You also need a bit of a posix environment, enough to run the Makefile
(make [v4.0], install [v8.23], sh [bash v4.3.30]; though you can easily
read it and run the Makefile commands by hand). That should mostly be
on your machine already.
I did "apt-get install make coreutils bash".
ghc: 7.6.3-21 (necessary)
libghc-mtl-dev: 2.1.2-4 (necessary)
libghc-transformers-dev: 0.3.0.0-5 (necessary)
libghc-base-dev: 4.6.0.1 (necessary)
libghc-random-dev: 1.0.1.1-3 (necessary)
libghc-parsec3-dev: 3.1.3-3 (necessary)
libghc-text-dev: 0.11.3.1-1 (necessary)
libghc-bytestring-dev: 0.10.0.2 (necessary)
libghc-time-dev: 1.4.0.1 (necessary)
libghc-array-dev: 0.4.0.1 (necessary)
libghc-deepseq-dev: 1.3.0.1 (necessary)
libghc-prim-dev: 0.3.0.0 (necessary; is wired in ghc 8.4)
libghc-integer-gmp-dev: 0.5.0.0 (necessary)
make: 4.0-8.1 (necessary)
coreutils: 8.23-4 (necessary)
bash: 4.3-11 (necessary - or just sh or ksh)
gcc: 4.9.2-2 (necessary)
cpp: 4.9.2-10 (necessary)
binutils: 2.25-5 (necessary)
libc6-dev: 2.19-18 (necessary)
libbsd-dev: 0.7.0-2 (necessary)
libgmp-dev: 6.0.0 (necessary)
libffi-dev: 3.1-2 (necessary)
hugs: 98.200609.21 (nice)
alex: 3.1.3-1 (nice)
happy: 1.19.4-1 (nice)
COMPILE:
Unpack the archive, move into the new haskell source directory ("hs")
that it made and type
make
That will make
havoc_cc -- (simple) C compiler
havoc_as -- assembler
havoc_ld -- linker
havoc_vm -- virtual machine
havoc_od -- disassembler
havoc_rc -- recompiler/obfuscator
havoc_test -- regression tests (not compiled for user)
INSTALL:
You don't need to do anything to play. Putting the executables
in /usr/local/bin may eventually be nice.
RUN:
A typical use sequence is
./havoc_cc -s test_prog.c -- compile C (.c) to assembler (.s)
./havoc_as -c test_prog.s -- assemble the assembler to object code (.o)
./havoc_ld -o test_prog test_prog.o
-- link object code into an executable
./havoc_vm test_prog -- run exectable in a virtual machine
That generates a trace of the running code. Final return from a
subroutine should be with the "answer" in register v0 (the 32-bit return
register), like this:
...
314 add v0 t0 zer E[1788011673] v0 = E[2] <-- here
328 lw ra E[-2](fp) ra = E[0]
33c cmov sp fp fp sp = E[0]
340 lw fp E[-1](sp) fp = E[0]
354 jr ra
STOP
In this case, the answer is 2 (encrypted).
You will find some things to compile (and maybe run) in the "examples"
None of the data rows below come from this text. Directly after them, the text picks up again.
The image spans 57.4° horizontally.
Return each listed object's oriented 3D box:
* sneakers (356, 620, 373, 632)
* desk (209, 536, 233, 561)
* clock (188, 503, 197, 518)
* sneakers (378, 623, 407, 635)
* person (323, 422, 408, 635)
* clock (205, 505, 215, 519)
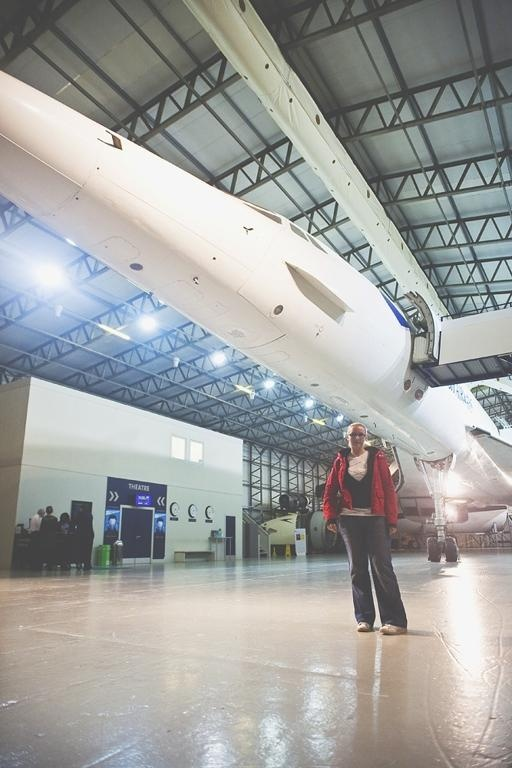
[{"bbox_3d":[0.764,1.703,3.291,0.121,0.053,0.101,0,-11,2],"label":"sneakers"},{"bbox_3d":[-1.688,7.505,21.542,0.439,1.076,1.275,-16,-24,33],"label":"desk"},{"bbox_3d":[-2.788,5.459,20.339,0.100,0.734,0.597,-6,-16,31],"label":"clock"},{"bbox_3d":[0.944,1.671,3.206,0.189,0.053,0.119,-1,-11,3],"label":"sneakers"},{"bbox_3d":[0.848,1.084,3.688,0.594,1.645,0.843,1,-11,-5],"label":"person"},{"bbox_3d":[-2.134,5.764,21.264,0.098,0.744,0.649,-11,-14,28],"label":"clock"}]
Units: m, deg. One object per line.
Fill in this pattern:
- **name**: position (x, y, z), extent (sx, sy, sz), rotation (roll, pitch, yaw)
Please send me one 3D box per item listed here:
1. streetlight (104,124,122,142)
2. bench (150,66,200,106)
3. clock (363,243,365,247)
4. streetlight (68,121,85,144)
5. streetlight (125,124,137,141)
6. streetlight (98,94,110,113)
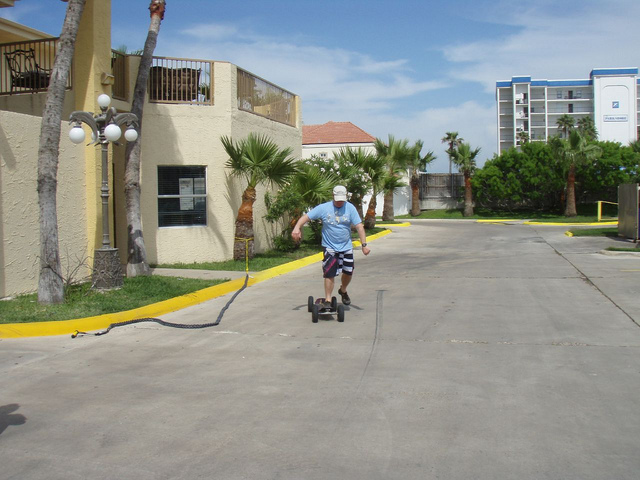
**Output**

directory. They're just my testing and development C source codes, so
apologies. Some of them are _meant_ to loop forever, and some are
_meant_ to do very little. You should be able to tell which.
C code is restricted approximately as follows:
1. Only 1-D arrays
2. No global variables
3. Function prototypes are with (), not the list of arg types.
4. No varargs/stdargs.
5. No precompiler
6. Only base type is "int" (32-bit)
7. No void return functions
8. Declarations only at the beginning of a block
9. ***** pointers are restricted by declaration to a defined array ****
int A[100];
restrict A int *ptr;
...
Overstepping array bounds is not detected but you are not meant to.
Things Will Go Wrong (TM) if you do.